Ve "hayat"ın bir "olmak ya da olmamak savaşı" olduğu uyarısını hiç unutmayacağım;

"Evet, hayat bir mücadeledir, herkes için. Ya tehlikeleri göze alıp mücadele eder ve makus talihinizi yenersiniz. Ya da yenik düşersiniz..."

Ya olursunuz, ya da olmaz...

Söz veriyorum Altemur Amca, elim şu kalemi tuttuğu müddetçe "olmak" için olacak uğraşım...

***

Sen de mi Brütüs(!)

-----

Altemur Kılıç, son yazılarından birinde yazmıştı:

"Tarih boyunca her ülkenin kendine has hainleri, küstahları ve 'Brütüs'leri çıkmıştır ve çıkacaktır da..."

Asıl olan sizin Brütüs'lere "sen de mi" demekten başka ne yaptığınızda!

***

Yassıada mağduruydu

------

"Kılıç Ali'nin oğlu olmak" suçundan çok hakarete, saldırıya uğramışlığı vardır Altemur Amca'nın...

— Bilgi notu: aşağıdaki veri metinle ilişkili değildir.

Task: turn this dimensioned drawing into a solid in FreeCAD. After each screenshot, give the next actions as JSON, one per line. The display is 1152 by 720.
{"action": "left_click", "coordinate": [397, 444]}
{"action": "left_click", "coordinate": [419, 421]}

Saldırganlarının çoğu siyaseten Menderes'in gömleğine sarılırlar ama ne hikmetse Altemur Kılıç'ın da Menderes ve arkadaşlarıyla birlikte Yassıada'da yargılanmış "orantısız demokrasi mağdurları(!)"ndan olduğu gerçeğini atlarlar.

***

Nasihat...

--------

Şeyh Edebali'nin Osman Gazi'ye nasihatı kadar süksesi olur mu bilmem malum çevrelerde...

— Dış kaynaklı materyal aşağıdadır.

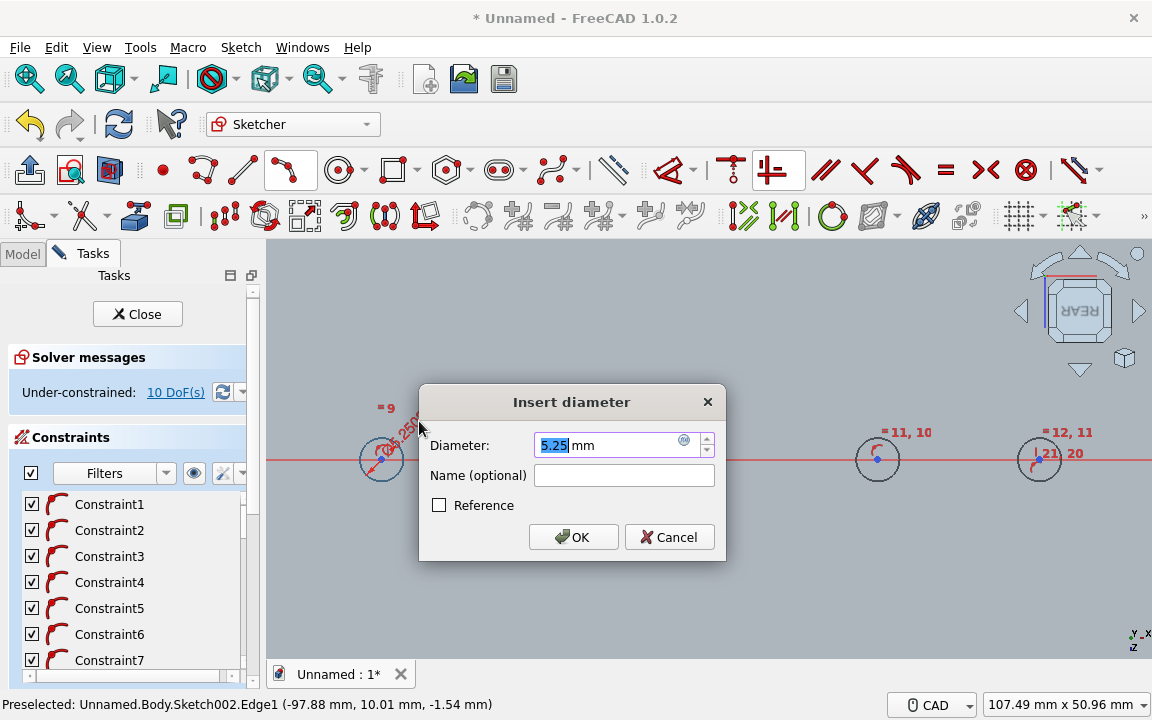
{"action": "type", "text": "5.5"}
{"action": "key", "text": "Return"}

Misli Baydoğan'ın yeni kitabı Hû Diyen Karga'daki "Selçuklu Hikayeleri"nden aktarıyorum, buyurun bu da Dukak Bey'in oğlu Selçuk (Bey)'a nasihatı:

 "Bir gün gelir ki iki nehrin arasına inmek istersin. Sulak ovaları, gür ormanları, besili hayvanları özlersin. Kendi adınla, kendi ilini yurt tutmaya, tuttuğunu dikmeye, soyunu soylamaya, boyunu boylamaya niyetlenirsin. Bilesin ki il tutmak sade kılıç zoruyla, kol gücüyle olmaz. Güney illeri artık İslam halifesinin ordularına komşudur. Onlar sade komşu değil, halifenin yolunda gaza edenlerdendir. Güneye bir yapı gibi inersen, halifenin Tanrısına da savaş açmış olursun. Bir Tanrı karşısında kılıçla kazanılacak zafer yoktur. Bunu düşün ve Tanrı ile savaşmadan il tutmanın yolunu bul."

Ne dersiniz, güneyimizde, güneydoğumuzda, doğumuzda haritaları insanların inançlarını kılıçla yenerek değiştirmeye yeltenenlere ibret olur mu bugünlerde?